Thread (21 messages) 21 messages, 6 authors, 2015-10-26

Re: [PATCH v4 2/4] mm, proc: account for shmem swap in /proc/pid/smaps

From: Hugh Dickins <hughd@google.com>
Date: 2015-10-21 22:39:11
Also in: linux-mm, linux-s390, lkml

On Wed, 21 Oct 2015, Vlastimil Babka wrote:
On 10/05/2015 05:01 AM, Hugh Dickins wrote:
quoted
On Fri, 2 Oct 2015, Vlastimil Babka wrote:
quoted
Currently, /proc/pid/smaps will always show "Swap: 0 kB" for shmem-backed
mappings, even if the mapped portion does contain pages that were swapped
out.
This is because unlike private anonymous mappings, shmem does not change
pte
to swap entry, but pte_none when swapping the page out. In the smaps page
walk, such page thus looks like it was never faulted in.

This patch changes smaps_pte_entry() to determine the swap status for
such
pte_none entries for shmem mappings, similarly to how mincore_page() does
it.
Swapped out pages are thus accounted for.

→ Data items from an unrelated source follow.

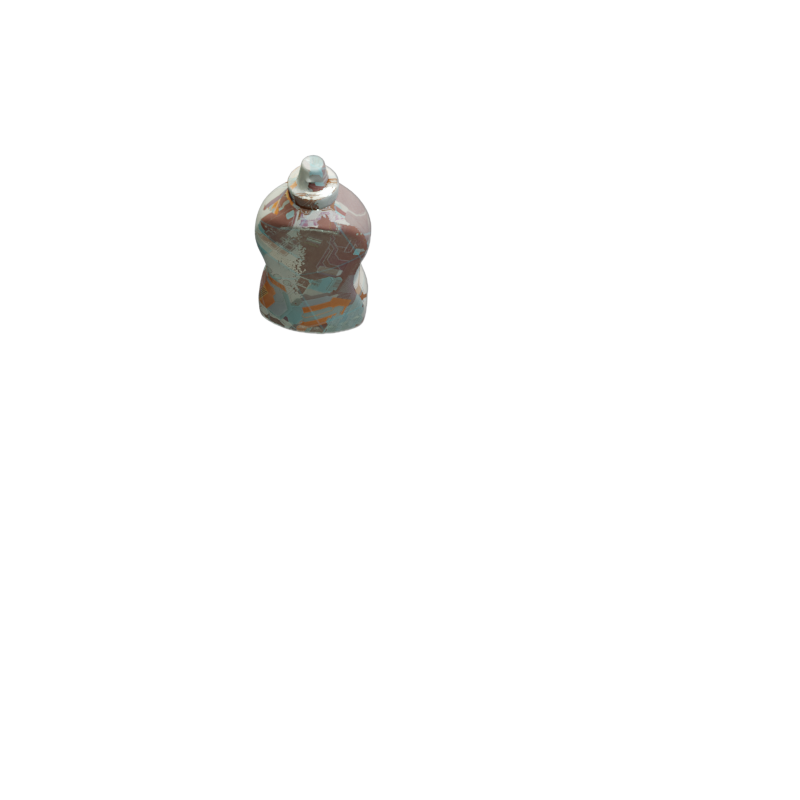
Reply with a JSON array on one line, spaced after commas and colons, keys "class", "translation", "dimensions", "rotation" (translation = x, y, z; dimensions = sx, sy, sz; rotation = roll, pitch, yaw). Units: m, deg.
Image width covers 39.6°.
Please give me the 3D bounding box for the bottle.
[{"class": "bottle", "translation": [-0.073, -0.132, 0.930], "dimensions": [0.097, 0.062, 0.179], "rotation": [8, -36, 2]}]
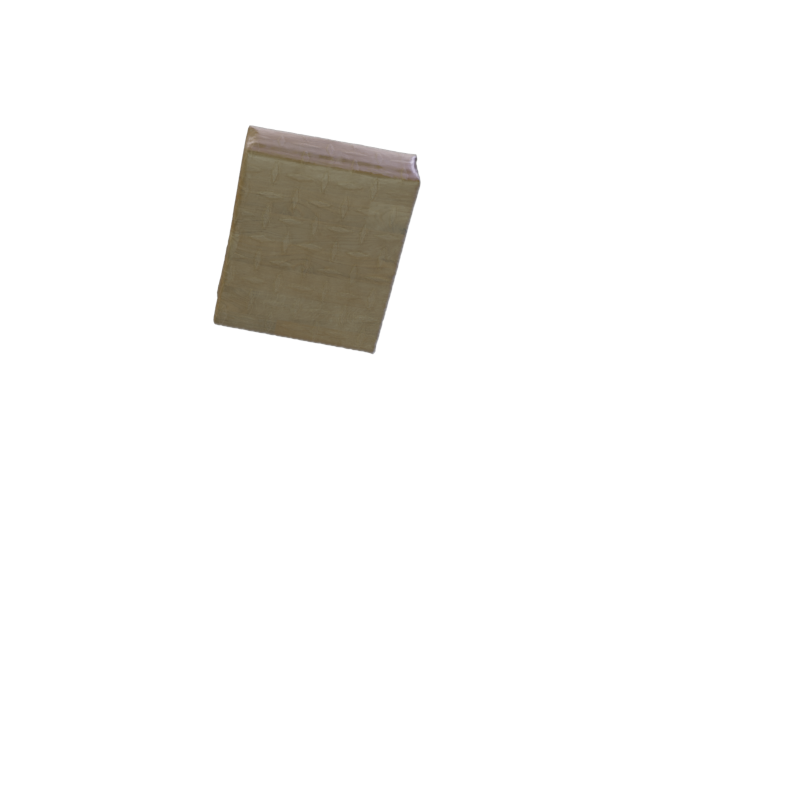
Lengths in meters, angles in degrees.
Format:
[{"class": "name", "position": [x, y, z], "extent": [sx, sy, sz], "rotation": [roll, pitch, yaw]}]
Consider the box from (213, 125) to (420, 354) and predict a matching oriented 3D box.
[{"class": "box", "position": [-0.037, -0.068, 0.476], "extent": [0.072, 0.085, 0.032], "rotation": [10, 31, -7]}]

The accounting is arguably still not as precise as for private anonymous
mappings, since now we will count also pages that the process in question
never
accessed, but only another process populated them and then let them
become
swapped out. I believe it is still less confusing and subtle than not
showing
any swap usage by shmem mappings at all. Also, swapped out pages only
becomee a
performance issue for future accesses, and we cannot predict those for
neither
kind of mapping.

Signed-off-by: Vlastimil Babka <redacted>
Acked-by: Konstantin Khlebnikov <redacted>
Neither Ack nor Nack from me.

I don't want to stand in the way of this patch, if you and others
believe that it will help to diagnose problems in the field better
than what's shown at present; but to me it looks dangerously like
replacing no information by wrong information.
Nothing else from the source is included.